MATERIAL PROVIDED:

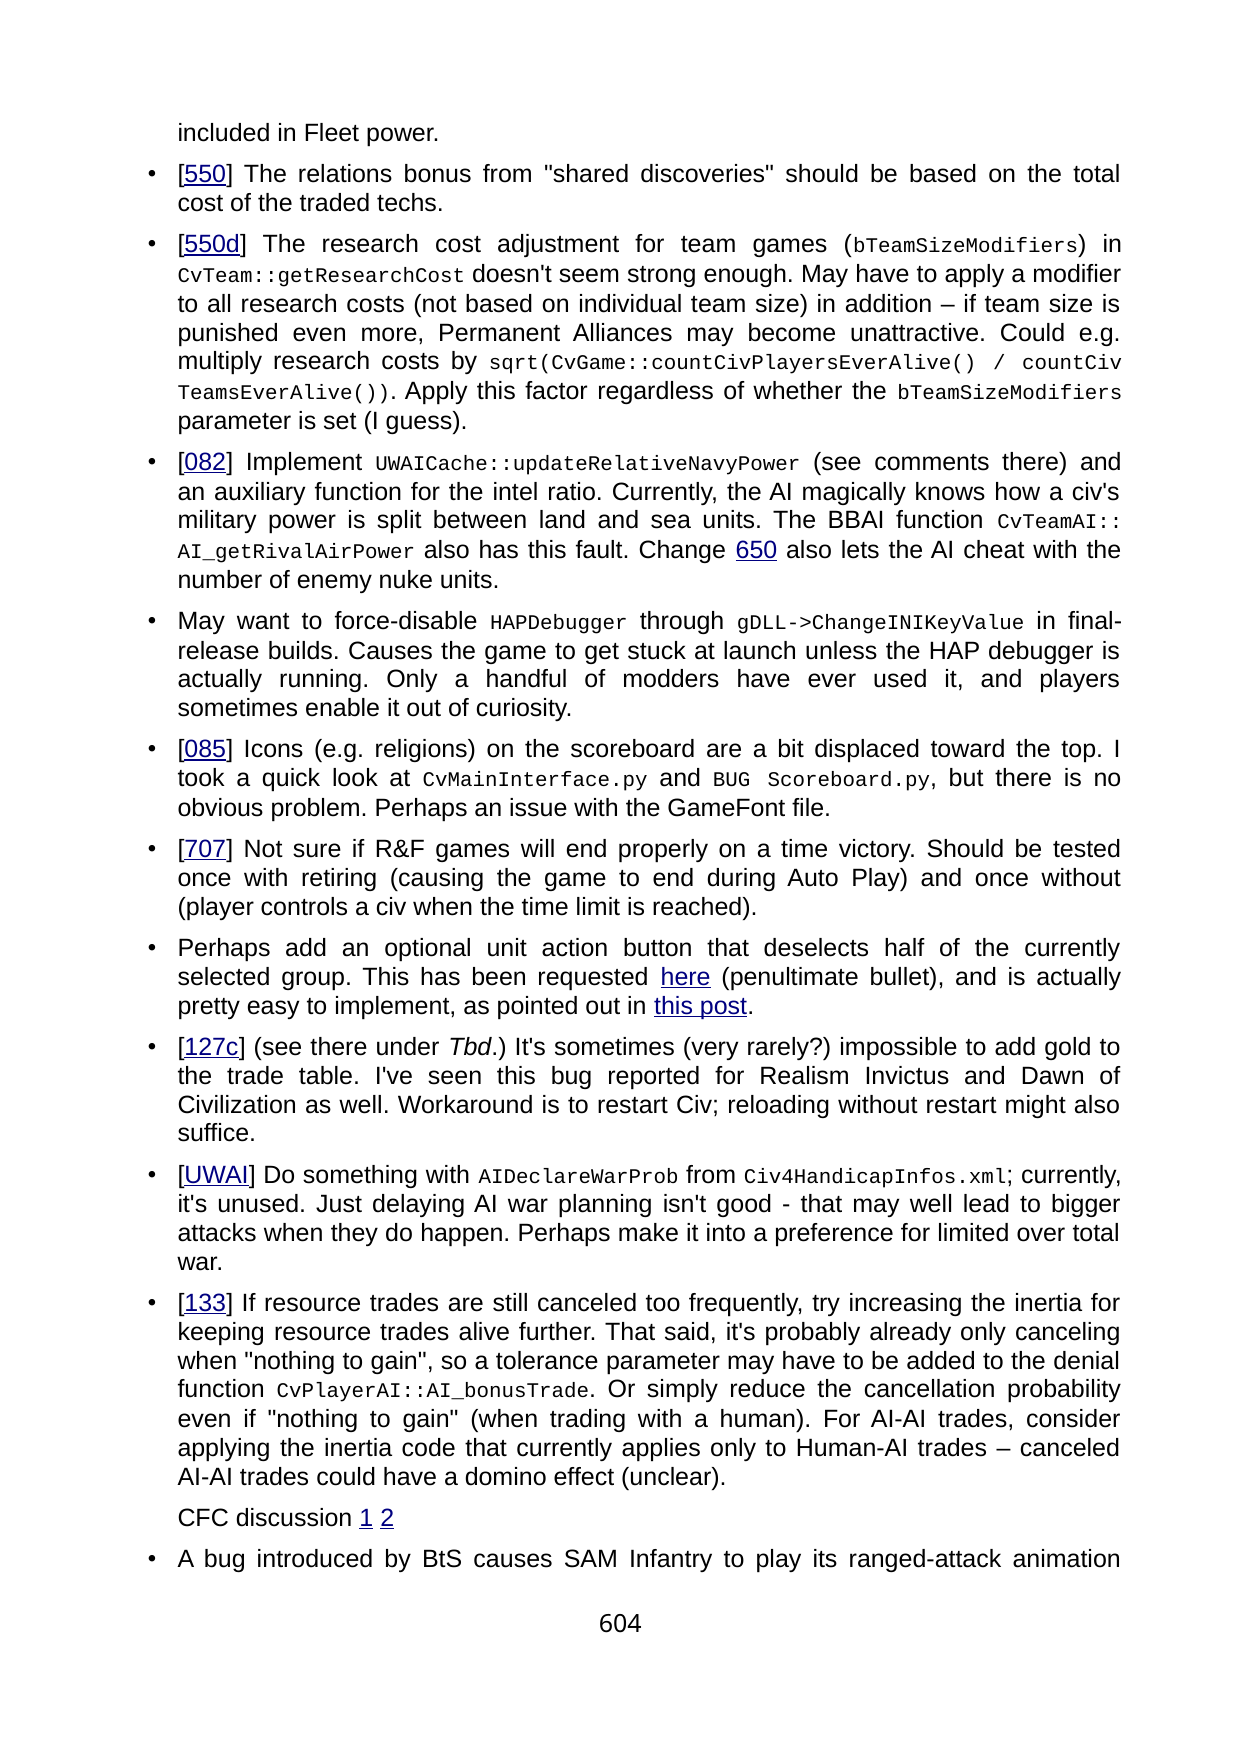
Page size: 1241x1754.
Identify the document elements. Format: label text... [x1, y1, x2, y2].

list [127c] (see there under Tbd.) It's sometimes (very rarely?) impossible to add gold to the trade table. I've seen this bug reported for Realism Invictus and Dawn of Civilization as well. Workaround is to restart Civ; reloading without restart might also suffice. [148, 1032, 1122, 1147]
list [707] Not sure if R&F games will end properly on a time victory. Should be tested once with retiring (causing the game to end during Auto Play) and once without (player controls a civ when the time limit is reached). [148, 834, 1122, 921]
list [550d] The research cost adjustment for team games (bTeamSizeModifiers) in CvTeam::getResearchCost doesn't seem strong enough. May have to apply a modifier to all research costs (not based on individual team size) in addition – if team size is punished even more, Permanent Alliances may become unattractive. Could e.g. multiply research costs by sqrt(CvGame::countCivPlayersEverAlive() / countCiv TeamsEverAlive()). Apply this factor regardless of whether the bTeamSizeModifiers parameter is set (I guess). [148, 229, 1122, 434]
list [082] Implement UWAICache::updateRelativeNavyPower (see comments there) and an auxiliary function for the intel ratio. Currently, the AI magically knows how a civ's military power is split between land and sea units. The BBAI function CvTeamAI:: AI_getRivalAirPower also has this fault. Change 650 also lets the AI cheat with the number of enemy nuke units. [148, 447, 1122, 593]
list [085] Icons (e.g. religions) on the scoreboard are a bit displaced toward the top. I took a quick look at CvMainInterface.py and BUG Scoreboard.py, but there is no obvious problem. Perhaps an issue with the GameFont file. [148, 734, 1122, 822]
list [133] If resource trades are still canceled too frequently, try increasing the inertia for keeping resource trades alive further. That said, it's probably already only canceling when "nothing to gain", so a tolerance parameter may have to be added to the denial function CvPlayerAI::AI_bonusTrade. Or simply reduce the cancellation probability even if "nothing to gain" (when trading with a human). For AI-AI trades, consider applying the inertia code that currently applies only to Human-AI trades – canceled AI-AI trades could have a domino effect (unclear). [148, 1288, 1122, 1490]
list [550] The relations bonus from "shared discoveries" should be based on the total cost of the traded techs. [148, 159, 1122, 217]
list [UWAI] Do something with AIDeclareWarProb from Civ4HandicapInfos.xml; currently, it's unused. Just delaying AI war planning isn't good - that may well lead to bigger attacks when they do happen. Perhaps make it into a preference for limited over total war. [148, 1159, 1122, 1276]
list May want to force-disable HAPDebugger through gDLL->ChangeINIKeyValue in final-release builds. Causes the game to get stuck at launch unless the HAP debugger is actually running. Only a handful of modders have ever used it, and players sometimes enable it out of curiosity. [148, 606, 1122, 722]
list Perhaps add an optional unit action button that deselects half of the currently selected group. This has been requested here (penultimate bullet), and is actually pretty easy to implement, as pointed out in this post. [148, 933, 1122, 1019]
list CFC discussion 1 2 [148, 1503, 1122, 1532]
list A bug introduced by BtS causes SAM Infantry to play its ranged-attack animation [148, 1544, 1122, 1573]
list included in Fleet power. [148, 118, 1122, 147]
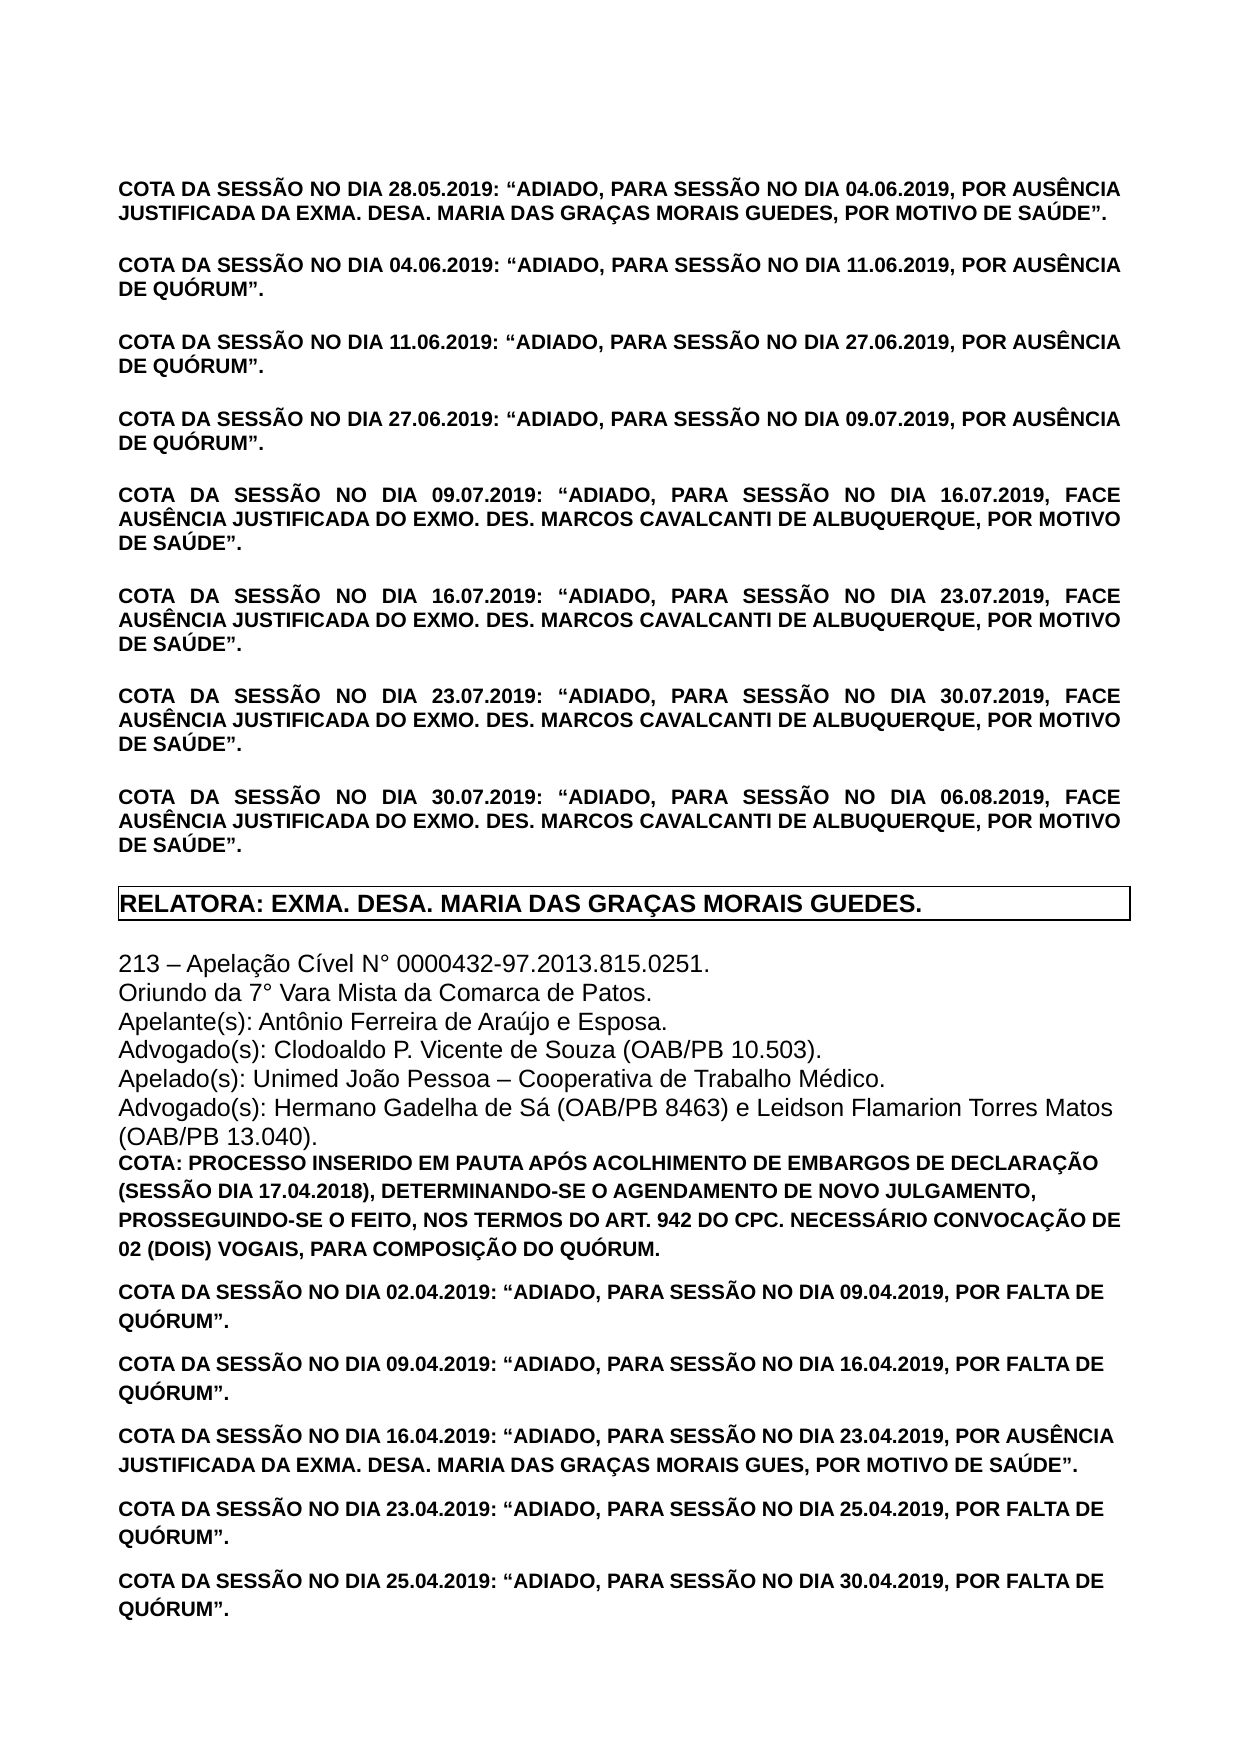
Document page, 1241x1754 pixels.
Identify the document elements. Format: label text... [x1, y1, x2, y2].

text COTA DA SESSÃO NO DIA 04.06.2019: “ADIADO, PARA SESSÃO NO DIA 11.06.2019, POR AUSÊNCIA DE QUÓRUM”. [118, 253, 1122, 301]
text COTA: PROCESSO INSERIDO EM PAUTA APÓS ACOLHIMENTO DE EMBARGOS DE DECLARAÇÃO (SESSÃO DIA 17.04.2018), DETERMINANDO-SE O AGENDAMENTO DE NOVO JULGAMENTO, PROSSEGUINDO-SE O FEITO, NOS TERMOS DO ART. 942 DO CPC. NECESSÁRIO CONVOCAÇÃO DE 02 (DOIS) VOGAIS, PARA COMPOSIÇÃO DO QUÓRUM. [118, 1151, 1122, 1261]
text Apelante(s): Antônio Ferreira de Araújo e Esposa. [118, 1007, 1122, 1036]
text COTA DA SESSÃO NO DIA 16.07.2019: “ADIADO, PARA SESSÃO NO DIA 23.07.2019, FACE AUSÊNCIA JUSTIFICADA DO EXMO. DES. MARCOS CAVALCANTI DE ALBUQUERQUE, POR MOTIVO DE SAÚDE”. [118, 584, 1122, 656]
text Advogado(s): Hermano Gadelha de Sá (OAB/PB 8463) e Leidson Flamarion Torres Matos (OAB/PB 13.040). [118, 1093, 1122, 1151]
text COTA DA SESSÃO NO DIA 02.04.2019: “ADIADO, PARA SESSÃO NO DIA 09.04.2019, POR FALTA DE QUÓRUM”. [118, 1280, 1122, 1333]
text COTA DA SESSÃO NO DIA 09.04.2019: “ADIADO, PARA SESSÃO NO DIA 16.04.2019, POR FALTA DE QUÓRUM”. [118, 1352, 1122, 1405]
text COTA DA SESSÃO NO DIA 28.05.2019: “ADIADO, PARA SESSÃO NO DIA 04.06.2019, POR AUSÊNCIA JUSTIFICADA DA EXMA. DESA. MARIA DAS GRAÇAS MORAIS GUEDES, POR MOTIVO DE SAÚDE”. [118, 176, 1122, 224]
text COTA DA SESSÃO NO DIA 23.04.2019: “ADIADO, PARA SESSÃO NO DIA 25.04.2019, POR FALTA DE QUÓRUM”. [118, 1496, 1122, 1549]
text COTA DA SESSÃO NO DIA 25.04.2019: “ADIADO, PARA SESSÃO NO DIA 30.04.2019, POR FALTA DE QUÓRUM”. [118, 1568, 1122, 1621]
text RELATORA: EXMA. DESA. MARIA DAS GRAÇAS MORAIS GUEDES. [119, 887, 1129, 919]
text Apelado(s): Unimed João Pessoa – Cooperativa de Trabalho Médico. [118, 1064, 1122, 1093]
text 213 – Apelação Cível N° 0000432-97.2013.815.0251. [118, 949, 1122, 978]
text Advogado(s): Clodoaldo P. Vicente de Souza (OAB/PB 10.503). [118, 1036, 1122, 1064]
text COTA DA SESSÃO NO DIA 09.07.2019: “ADIADO, PARA SESSÃO NO DIA 16.07.2019, FACE AUSÊNCIA JUSTIFICADA DO EXMO. DES. MARCOS CAVALCANTI DE ALBUQUERQUE, POR MOTIVO DE SAÚDE”. [118, 483, 1122, 555]
text COTA DA SESSÃO NO DIA 30.07.2019: “ADIADO, PARA SESSÃO NO DIA 06.08.2019, FACE AUSÊNCIA JUSTIFICADA DO EXMO. DES. MARCOS CAVALCANTI DE ALBUQUERQUE, POR MOTIVO DE SAÚDE”. [118, 785, 1122, 857]
text COTA DA SESSÃO NO DIA 11.06.2019: “ADIADO, PARA SESSÃO NO DIA 27.06.2019, POR AUSÊNCIA DE QUÓRUM”. [118, 330, 1122, 378]
text COTA DA SESSÃO NO DIA 27.06.2019: “ADIADO, PARA SESSÃO NO DIA 09.07.2019, POR AUSÊNCIA DE QUÓRUM”. [118, 406, 1122, 454]
text Oriundo da 7° Vara Mista da Comarca de Patos. [118, 978, 1122, 1007]
text COTA DA SESSÃO NO DIA 23.07.2019: “ADIADO, PARA SESSÃO NO DIA 30.07.2019, FACE AUSÊNCIA JUSTIFICADA DO EXMO. DES. MARCOS CAVALCANTI DE ALBUQUERQUE, POR MOTIVO DE SAÚDE”. [118, 684, 1122, 756]
text COTA DA SESSÃO NO DIA 16.04.2019: “ADIADO, PARA SESSÃO NO DIA 23.04.2019, POR AUSÊNCIA JUSTIFICADA DA EXMA. DESA. MARIA DAS GRAÇAS MORAIS GUES, POR MOTIVO DE SAÚDE”. [118, 1424, 1122, 1477]

WHAT NEEDS TO BE DONE: Every line of the records that includes the word "MARCOS" should be gathered.

FINAL ANSWER:
text COTA DA SESSÃO NO DIA 16.07.2019: “ADIADO, PARA SESSÃO NO DIA 23.07.2019, FACE AUSÊNCIA JUSTIFICADA DO EXMO. DES. MARCOS CAVALCANTI DE ALBUQUERQUE, POR MOTIVO DE SAÚDE”. [118, 584, 1122, 656]
text COTA DA SESSÃO NO DIA 09.07.2019: “ADIADO, PARA SESSÃO NO DIA 16.07.2019, FACE AUSÊNCIA JUSTIFICADA DO EXMO. DES. MARCOS CAVALCANTI DE ALBUQUERQUE, POR MOTIVO DE SAÚDE”. [118, 483, 1122, 555]
text COTA DA SESSÃO NO DIA 30.07.2019: “ADIADO, PARA SESSÃO NO DIA 06.08.2019, FACE AUSÊNCIA JUSTIFICADA DO EXMO. DES. MARCOS CAVALCANTI DE ALBUQUERQUE, POR MOTIVO DE SAÚDE”. [118, 785, 1122, 857]
text COTA DA SESSÃO NO DIA 23.07.2019: “ADIADO, PARA SESSÃO NO DIA 30.07.2019, FACE AUSÊNCIA JUSTIFICADA DO EXMO. DES. MARCOS CAVALCANTI DE ALBUQUERQUE, POR MOTIVO DE SAÚDE”. [118, 684, 1122, 756]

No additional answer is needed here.